# Terminology



## AL1968 (May 3, 2015)

I'm fairly new both to making a proper coffee and to this forum. I struggle sometimes with the terminology used on here, is there anywhere on here that would pull terms used together? For example 8gm in 25gm out in 25secs. Starting from a knowledge point of close to zero it took me a while to decipher this. A great place to start would be to take the process of producing a decent coffee from bean to cup explaining in detail how this should be achieved. I know this is only a base line start point, but once the fundamentals were understood properly you could then vary the process to suit your own taste, but unless you knew where to start you'll be knitting with fog! Thoughts?


----------



## goodq (Oct 10, 2011)

Don't know if a glossary would help or just going after the fundamentals is better. The more the fundamentals are clearer the easier the reading becomes.

How-to's in home-barista forum http://www.home-barista.com/howtos.html Although not how I learned but looks like a good starting point.

Also http://coffeeforums.co.uk/forumdisplay.php?22-Coffee-Wiki

A glossary but not complete I think: http://www.coffeereview.com/coffee-glossary/


----------



## AL1968 (May 3, 2015)

Thanks for the links it's appreciated. There's loads of information on here but sometimes you just get a bit lost!
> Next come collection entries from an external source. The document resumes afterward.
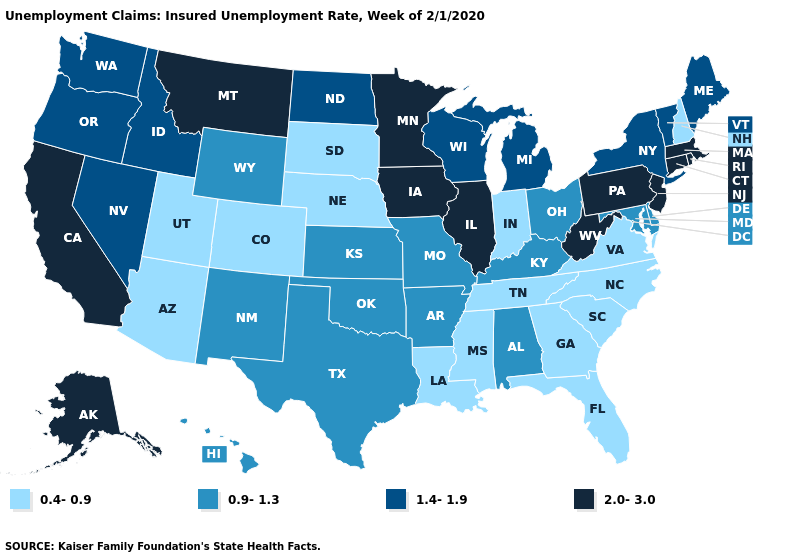What is the lowest value in the MidWest?
Be succinct. 0.4-0.9. Which states have the lowest value in the USA?
Quick response, please. Arizona, Colorado, Florida, Georgia, Indiana, Louisiana, Mississippi, Nebraska, New Hampshire, North Carolina, South Carolina, South Dakota, Tennessee, Utah, Virginia. What is the value of Utah?
Be succinct. 0.4-0.9. Does Pennsylvania have the lowest value in the USA?
Keep it brief. No. What is the lowest value in the USA?
Answer briefly. 0.4-0.9. What is the value of Iowa?
Concise answer only. 2.0-3.0. What is the value of Vermont?
Concise answer only. 1.4-1.9. Does Virginia have the lowest value in the USA?
Quick response, please. Yes. Name the states that have a value in the range 0.9-1.3?
Write a very short answer. Alabama, Arkansas, Delaware, Hawaii, Kansas, Kentucky, Maryland, Missouri, New Mexico, Ohio, Oklahoma, Texas, Wyoming. Does New Jersey have the highest value in the Northeast?
Be succinct. Yes. Does the first symbol in the legend represent the smallest category?
Write a very short answer. Yes. How many symbols are there in the legend?
Keep it brief. 4. Does Texas have the lowest value in the USA?
Give a very brief answer. No. Name the states that have a value in the range 2.0-3.0?
Be succinct. Alaska, California, Connecticut, Illinois, Iowa, Massachusetts, Minnesota, Montana, New Jersey, Pennsylvania, Rhode Island, West Virginia. What is the value of Massachusetts?
Quick response, please. 2.0-3.0. 
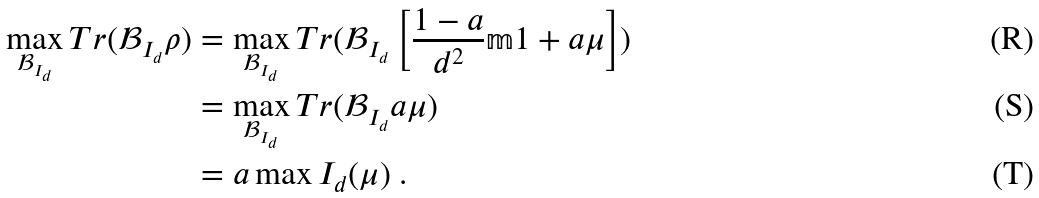Convert formula to latex. <formula><loc_0><loc_0><loc_500><loc_500>\max _ { \mathcal { B } _ { I _ { d } } } T r ( \mathcal { B } _ { I _ { d } } \rho ) & = \max _ { \mathcal { B } _ { I _ { d } } } T r ( \mathcal { B } _ { I _ { d } } \left [ \frac { 1 - a } { d ^ { 2 } } \mathbb { m } { 1 } + a \mu \right ] ) \\ & = \max _ { \mathcal { B } _ { I _ { d } } } T r ( \mathcal { B } _ { I _ { d } } a \mu ) \\ & = a \max I _ { d } ( \mu ) \ .</formula>

The information at the links is really good.


----------



## stevogums (May 8, 2013)

Think everyone's pretty much same when first reading posts of experienced people ,however it does make sense after a bit.

Dont get too bogged down with it all and never think anything is a daft question ,some of the best and most helpful people you will find on here all with vast knowledge and attitudes that nurture .


----------



## Jon (Dec 3, 2010)

Ask away because someone else (probably me) won't know the answer too - so you'll be helping!


----------